Every method below returns &mut self, so calls chain naturally.

MethodWhat it does
.input(tokens)Append tokens with auto-derived (sequential) positions.
.input_at(tokens, positions)Append tokens at explicit position IDs.
.attention_mask(masks)Apply per-input-token attention masks (BRLE).
.mask(logit_brle)Apply a logit mask (BRLE) before sampling.
.sample(positions, sampler)Attach a sampler. Returns a SampleHandle.
.probe(position, probe)Attach a probe. Returns a ProbeHandle.
.adapter(&adapter)Apply a LoRA adapter for this pass.
.execute()Submit the pass and await its result.

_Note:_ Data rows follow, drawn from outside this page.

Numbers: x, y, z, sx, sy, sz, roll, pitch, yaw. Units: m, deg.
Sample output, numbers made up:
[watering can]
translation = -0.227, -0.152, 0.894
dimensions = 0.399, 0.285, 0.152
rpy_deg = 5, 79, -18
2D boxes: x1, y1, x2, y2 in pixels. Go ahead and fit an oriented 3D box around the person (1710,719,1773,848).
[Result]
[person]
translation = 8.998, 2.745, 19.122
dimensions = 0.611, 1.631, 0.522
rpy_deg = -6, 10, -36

.input(...) and .input_at(...) are the input setters. The rest are modifiers. Call .execute() once.

Outputs

out.token(h) reads a token by SampleHandle. Probe handles read structured outputs:

use inferlet::sample::{Distribution, Logits, Logprob, Logprobs, Entropy};

let logits_h = fwd.probe(0, Logits);
let dist_h = fwd.probe(0, Distribution { temperature: 1.0, k: 32 });
let lp_h = fwd.probe(0, Logprob(target_token_id)); // log p(target_token_id)
let lps_h = fwd.probe(0, Logprobs(vec![id_a, id_b])); // log p of each
let ent_h = fwd.probe(0, Entropy);

let out = fwd.execute().await?;

let logits: Option<&[u8]> = out.logits(logits_h); // raw f32 LE bytes
let dist: Option<(&[u32], &[f32])> = out.distribution(dist_h); // ids + probs
let logp: Option<&[f32]> = out.logprobs(lp_h); // length 1
let logps: Option<&[f32]> = out.logprobs(lps_h); // length K
let ent: Option<f32> = out.entropy(ent_h);

A few details that bite the first time:

  • Logprob(token_id) and Logprobs(token_ids) carry the token IDs you want scored. They are not zero-arg markers.
  • Both single and list logprob queries are read with out.logprobs(...). There is no out.logprob.
  • out.logits(...) returns raw native-endian f32 bytes. Decode with bytemuck::cast_slice::<u8, f32>(bytes) (or your language's equivalent).
  • out.distribution(...) returns slices into the output, not owned vectors.

The handles are typed: out.token(probe_handle) does not compile. Mismatched access at runtime returns None.